┌──

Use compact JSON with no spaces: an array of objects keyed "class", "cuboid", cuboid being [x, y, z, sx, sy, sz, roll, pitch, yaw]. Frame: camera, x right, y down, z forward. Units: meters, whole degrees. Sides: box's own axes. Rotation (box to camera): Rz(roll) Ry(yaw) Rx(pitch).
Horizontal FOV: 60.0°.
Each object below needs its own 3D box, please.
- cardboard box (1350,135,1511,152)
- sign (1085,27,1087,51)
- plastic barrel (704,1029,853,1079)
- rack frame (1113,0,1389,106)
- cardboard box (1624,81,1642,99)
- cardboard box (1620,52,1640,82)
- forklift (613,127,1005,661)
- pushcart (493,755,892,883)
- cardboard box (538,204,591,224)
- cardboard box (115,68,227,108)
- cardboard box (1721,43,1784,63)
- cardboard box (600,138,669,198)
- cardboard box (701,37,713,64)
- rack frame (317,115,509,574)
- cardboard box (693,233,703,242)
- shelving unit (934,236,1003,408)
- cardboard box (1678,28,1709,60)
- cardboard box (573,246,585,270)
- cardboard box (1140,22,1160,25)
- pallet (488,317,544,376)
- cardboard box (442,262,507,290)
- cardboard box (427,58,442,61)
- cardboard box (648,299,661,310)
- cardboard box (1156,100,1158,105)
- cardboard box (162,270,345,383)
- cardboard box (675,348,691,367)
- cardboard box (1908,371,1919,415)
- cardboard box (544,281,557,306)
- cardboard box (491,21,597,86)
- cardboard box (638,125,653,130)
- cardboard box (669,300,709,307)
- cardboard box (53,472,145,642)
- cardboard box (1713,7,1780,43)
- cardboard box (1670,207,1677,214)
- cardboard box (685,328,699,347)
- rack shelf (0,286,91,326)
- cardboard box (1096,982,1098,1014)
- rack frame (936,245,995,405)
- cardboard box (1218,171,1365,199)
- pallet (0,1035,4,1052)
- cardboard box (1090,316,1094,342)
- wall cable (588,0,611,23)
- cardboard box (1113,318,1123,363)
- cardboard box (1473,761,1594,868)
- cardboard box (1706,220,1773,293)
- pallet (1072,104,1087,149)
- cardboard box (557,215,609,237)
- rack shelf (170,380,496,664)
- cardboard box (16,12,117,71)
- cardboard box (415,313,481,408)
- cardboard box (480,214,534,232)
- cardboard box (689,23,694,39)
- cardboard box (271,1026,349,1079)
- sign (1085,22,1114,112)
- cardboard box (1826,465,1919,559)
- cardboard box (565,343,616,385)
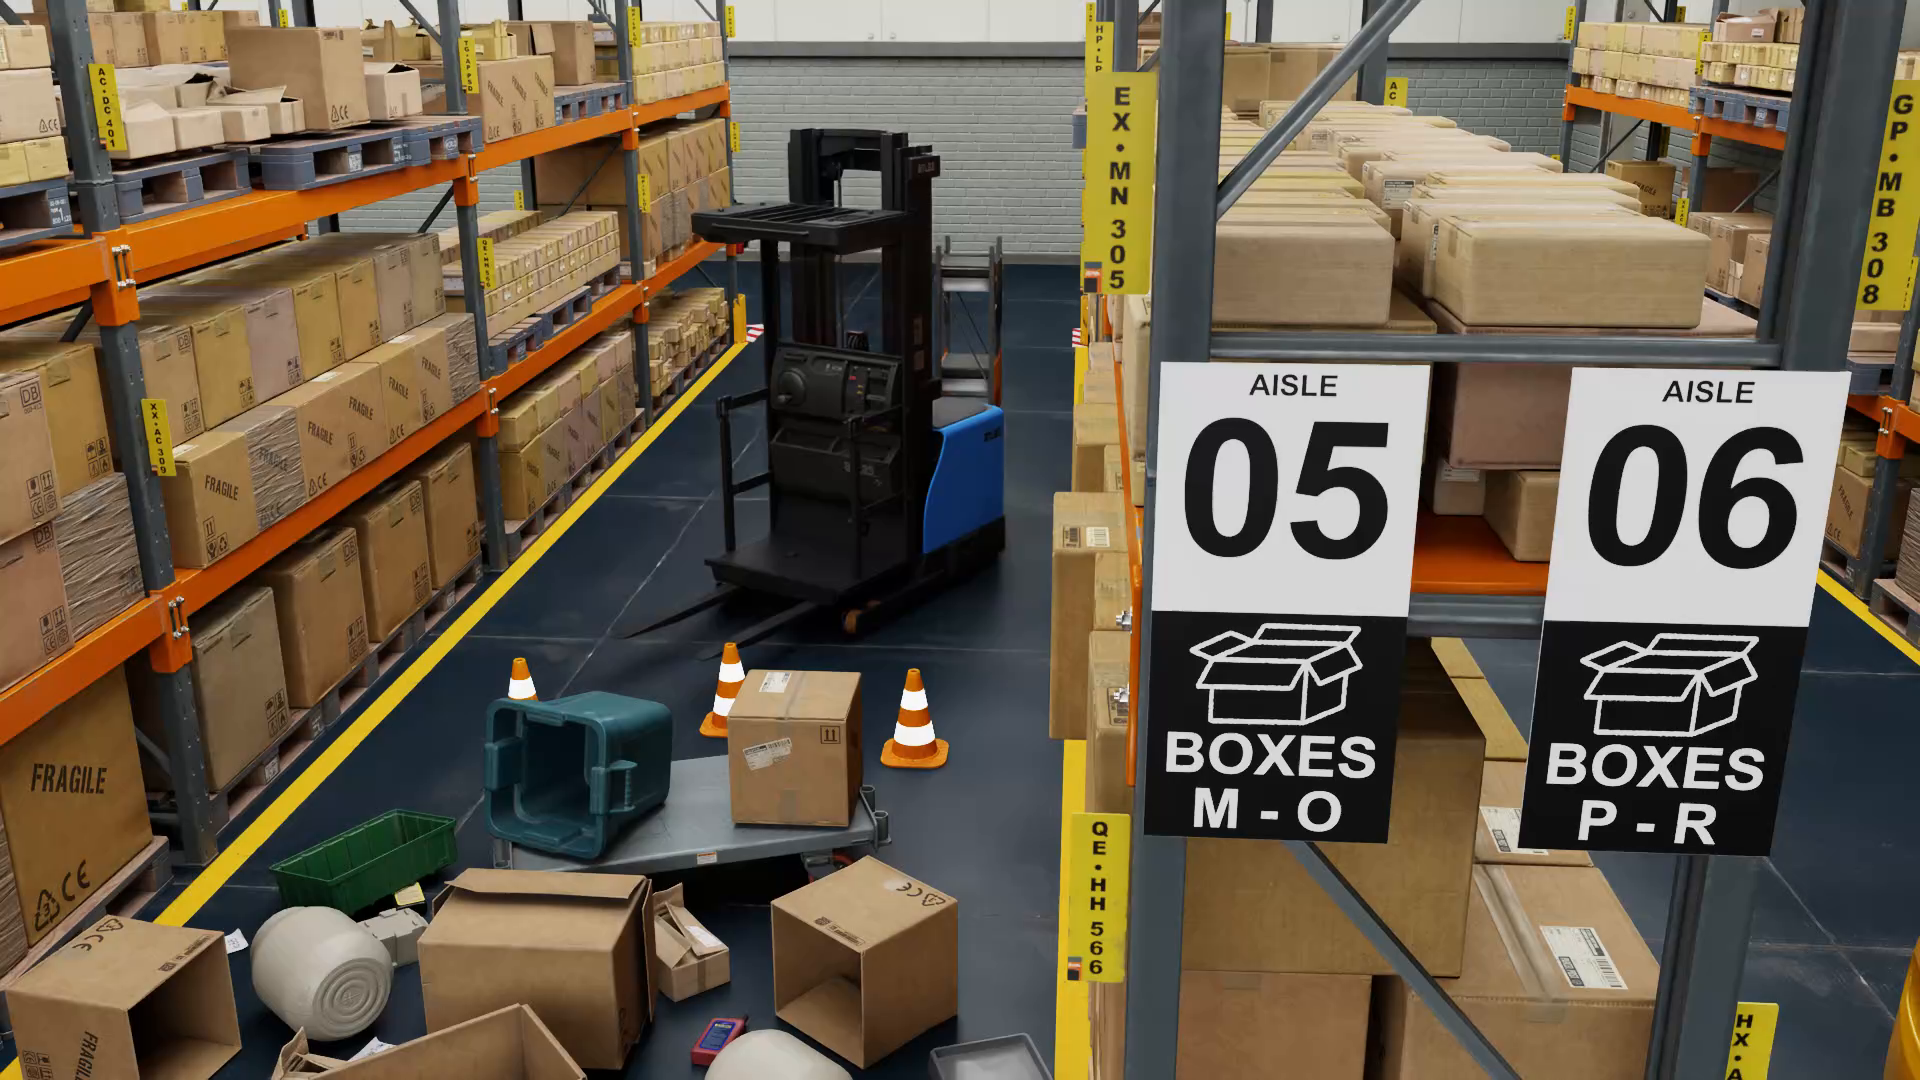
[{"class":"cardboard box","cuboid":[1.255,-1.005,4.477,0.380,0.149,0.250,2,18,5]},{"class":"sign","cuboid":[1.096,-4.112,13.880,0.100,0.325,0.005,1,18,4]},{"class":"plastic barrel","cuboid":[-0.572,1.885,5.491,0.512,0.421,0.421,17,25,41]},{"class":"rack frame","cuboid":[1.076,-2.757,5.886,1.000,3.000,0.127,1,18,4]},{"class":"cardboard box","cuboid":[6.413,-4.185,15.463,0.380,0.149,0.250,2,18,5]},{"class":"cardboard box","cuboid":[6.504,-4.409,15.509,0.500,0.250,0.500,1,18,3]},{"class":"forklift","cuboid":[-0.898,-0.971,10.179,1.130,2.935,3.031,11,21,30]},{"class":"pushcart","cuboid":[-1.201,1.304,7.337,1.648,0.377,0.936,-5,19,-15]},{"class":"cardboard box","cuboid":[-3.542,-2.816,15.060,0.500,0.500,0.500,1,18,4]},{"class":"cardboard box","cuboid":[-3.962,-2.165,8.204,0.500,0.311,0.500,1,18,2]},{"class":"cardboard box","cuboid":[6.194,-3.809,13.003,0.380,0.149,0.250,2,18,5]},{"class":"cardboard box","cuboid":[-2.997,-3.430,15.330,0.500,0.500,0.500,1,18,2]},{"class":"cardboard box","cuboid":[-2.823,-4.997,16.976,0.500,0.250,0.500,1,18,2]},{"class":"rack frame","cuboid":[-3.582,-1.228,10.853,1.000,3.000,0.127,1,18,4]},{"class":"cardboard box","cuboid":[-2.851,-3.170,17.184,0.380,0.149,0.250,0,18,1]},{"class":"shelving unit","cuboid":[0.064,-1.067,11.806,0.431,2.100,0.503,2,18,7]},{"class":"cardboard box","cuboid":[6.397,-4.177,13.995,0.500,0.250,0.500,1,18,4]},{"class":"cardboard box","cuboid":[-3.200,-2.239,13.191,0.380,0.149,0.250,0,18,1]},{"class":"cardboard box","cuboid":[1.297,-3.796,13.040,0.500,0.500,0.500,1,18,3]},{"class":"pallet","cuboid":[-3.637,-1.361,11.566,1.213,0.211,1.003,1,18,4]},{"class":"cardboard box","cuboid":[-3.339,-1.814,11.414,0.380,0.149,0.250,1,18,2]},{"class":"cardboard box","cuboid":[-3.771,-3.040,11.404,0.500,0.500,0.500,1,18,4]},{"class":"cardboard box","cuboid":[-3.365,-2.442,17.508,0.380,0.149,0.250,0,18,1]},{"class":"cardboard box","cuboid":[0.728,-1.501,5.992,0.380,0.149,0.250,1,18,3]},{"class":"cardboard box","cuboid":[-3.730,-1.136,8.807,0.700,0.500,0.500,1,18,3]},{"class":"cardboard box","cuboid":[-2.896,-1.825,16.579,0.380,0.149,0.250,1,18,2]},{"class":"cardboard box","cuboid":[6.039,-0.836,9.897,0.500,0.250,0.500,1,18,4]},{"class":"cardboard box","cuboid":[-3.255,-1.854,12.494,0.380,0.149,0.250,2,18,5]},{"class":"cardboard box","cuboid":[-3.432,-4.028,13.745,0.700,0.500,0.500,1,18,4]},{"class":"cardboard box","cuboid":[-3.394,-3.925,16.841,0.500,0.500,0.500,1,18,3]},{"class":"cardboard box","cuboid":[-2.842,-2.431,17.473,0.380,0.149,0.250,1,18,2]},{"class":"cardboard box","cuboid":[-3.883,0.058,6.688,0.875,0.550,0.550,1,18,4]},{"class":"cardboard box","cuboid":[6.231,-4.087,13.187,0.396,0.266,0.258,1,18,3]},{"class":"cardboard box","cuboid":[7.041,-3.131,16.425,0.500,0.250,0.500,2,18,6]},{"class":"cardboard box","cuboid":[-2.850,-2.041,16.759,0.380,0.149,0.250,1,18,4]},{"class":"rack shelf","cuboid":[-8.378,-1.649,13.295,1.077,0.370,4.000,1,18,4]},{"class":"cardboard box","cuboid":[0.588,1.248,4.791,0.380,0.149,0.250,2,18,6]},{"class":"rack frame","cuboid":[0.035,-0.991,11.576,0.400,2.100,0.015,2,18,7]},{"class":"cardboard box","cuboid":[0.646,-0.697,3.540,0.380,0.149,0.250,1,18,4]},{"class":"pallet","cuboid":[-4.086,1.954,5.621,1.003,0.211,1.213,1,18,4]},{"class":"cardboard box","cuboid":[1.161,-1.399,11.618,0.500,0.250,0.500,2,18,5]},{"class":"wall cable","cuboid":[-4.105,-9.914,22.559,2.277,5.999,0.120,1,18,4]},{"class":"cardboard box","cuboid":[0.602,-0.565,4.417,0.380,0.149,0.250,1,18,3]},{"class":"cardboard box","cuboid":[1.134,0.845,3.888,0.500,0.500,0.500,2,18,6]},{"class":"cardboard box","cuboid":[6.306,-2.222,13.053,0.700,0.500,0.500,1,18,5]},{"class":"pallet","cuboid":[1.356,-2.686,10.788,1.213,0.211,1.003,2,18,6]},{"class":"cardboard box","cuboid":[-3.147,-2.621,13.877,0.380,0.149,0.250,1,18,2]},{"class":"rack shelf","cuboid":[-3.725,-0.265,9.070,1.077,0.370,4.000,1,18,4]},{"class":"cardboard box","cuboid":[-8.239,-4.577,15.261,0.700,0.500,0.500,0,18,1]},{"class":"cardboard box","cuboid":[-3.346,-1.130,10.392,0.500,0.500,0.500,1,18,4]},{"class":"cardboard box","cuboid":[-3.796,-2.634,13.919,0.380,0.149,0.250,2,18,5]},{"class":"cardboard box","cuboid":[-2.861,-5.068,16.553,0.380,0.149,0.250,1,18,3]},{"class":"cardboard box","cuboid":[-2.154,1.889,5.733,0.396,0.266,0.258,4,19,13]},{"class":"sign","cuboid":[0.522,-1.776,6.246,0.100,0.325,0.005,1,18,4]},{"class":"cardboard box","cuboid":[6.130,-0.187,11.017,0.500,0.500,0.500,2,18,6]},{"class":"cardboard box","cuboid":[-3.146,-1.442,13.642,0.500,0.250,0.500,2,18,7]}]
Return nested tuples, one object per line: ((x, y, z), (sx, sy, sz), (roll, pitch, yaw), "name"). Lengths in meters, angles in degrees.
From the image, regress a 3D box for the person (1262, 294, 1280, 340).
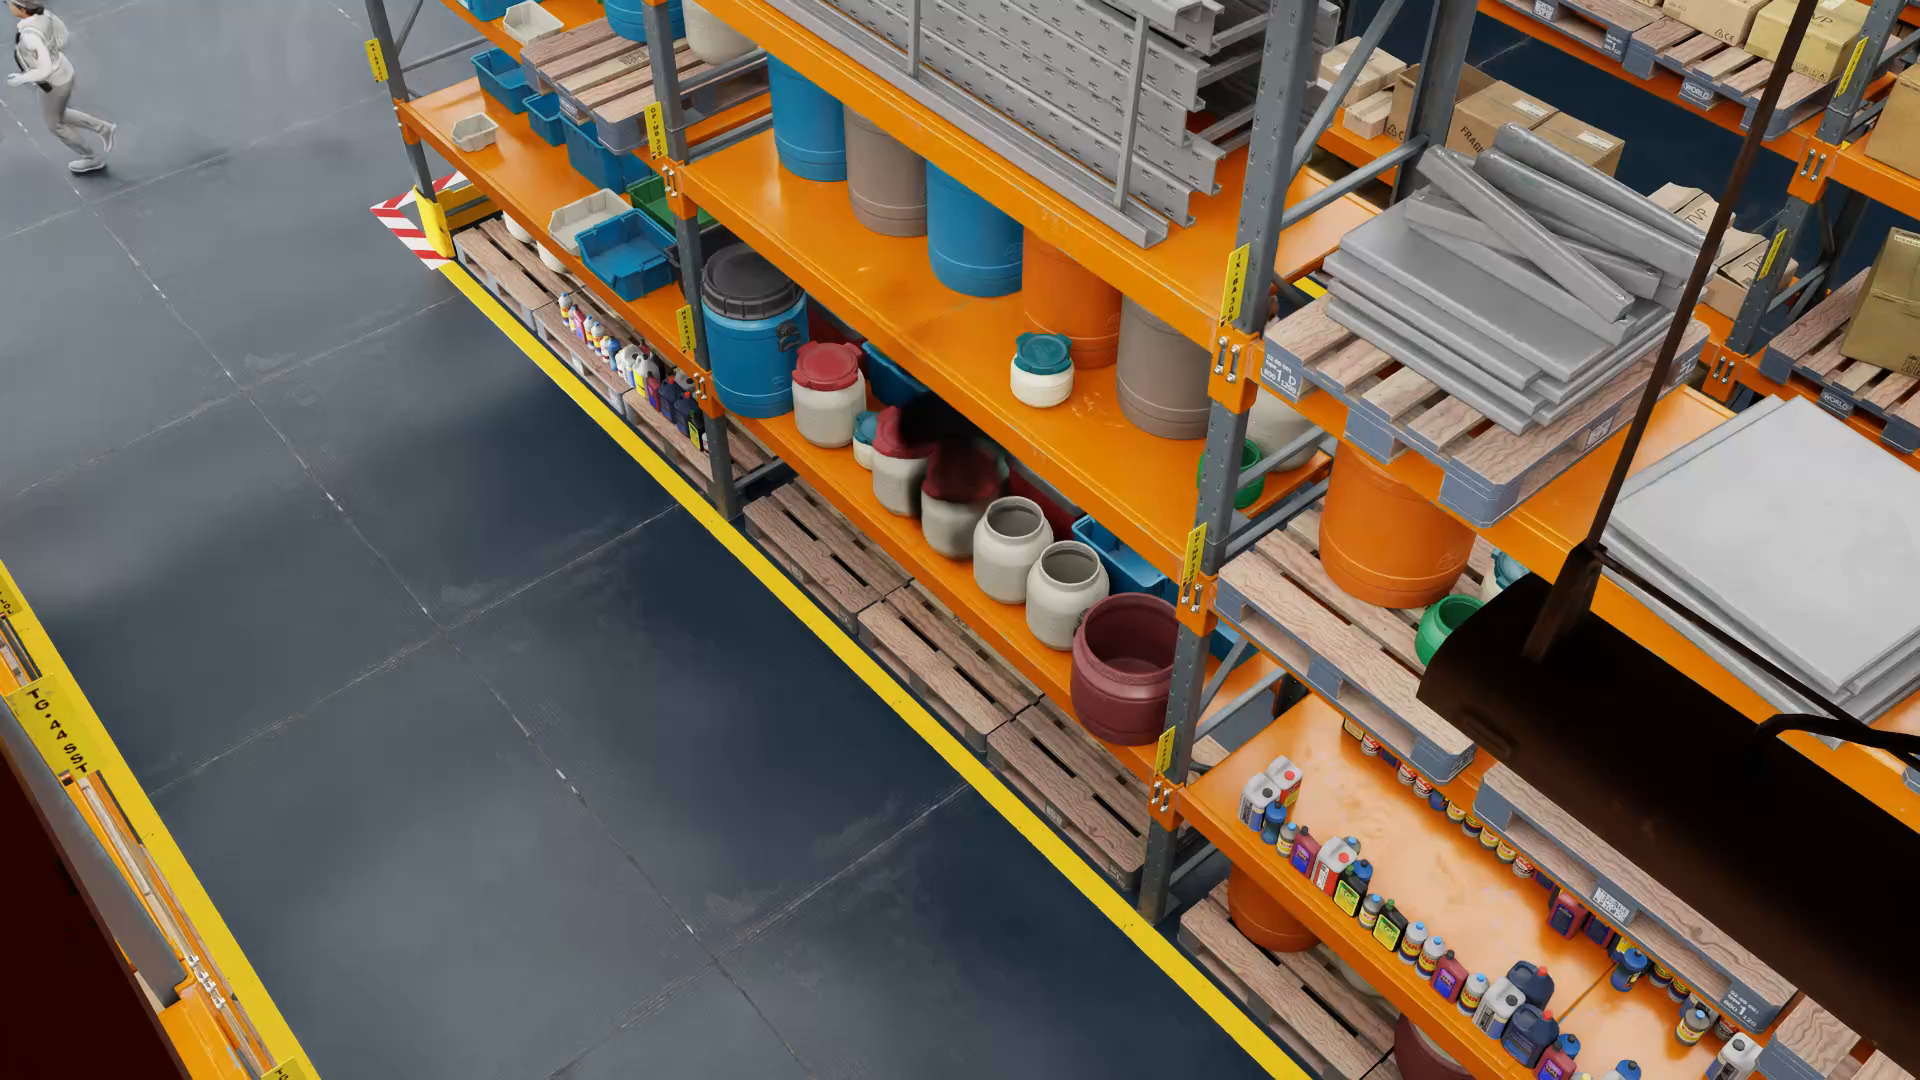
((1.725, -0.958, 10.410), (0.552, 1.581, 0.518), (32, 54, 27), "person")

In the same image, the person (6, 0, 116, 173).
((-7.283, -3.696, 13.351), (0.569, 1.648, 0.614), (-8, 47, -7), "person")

└──

When a line of the data above holds the string "meters", count it, and reply with the resulting number only.

2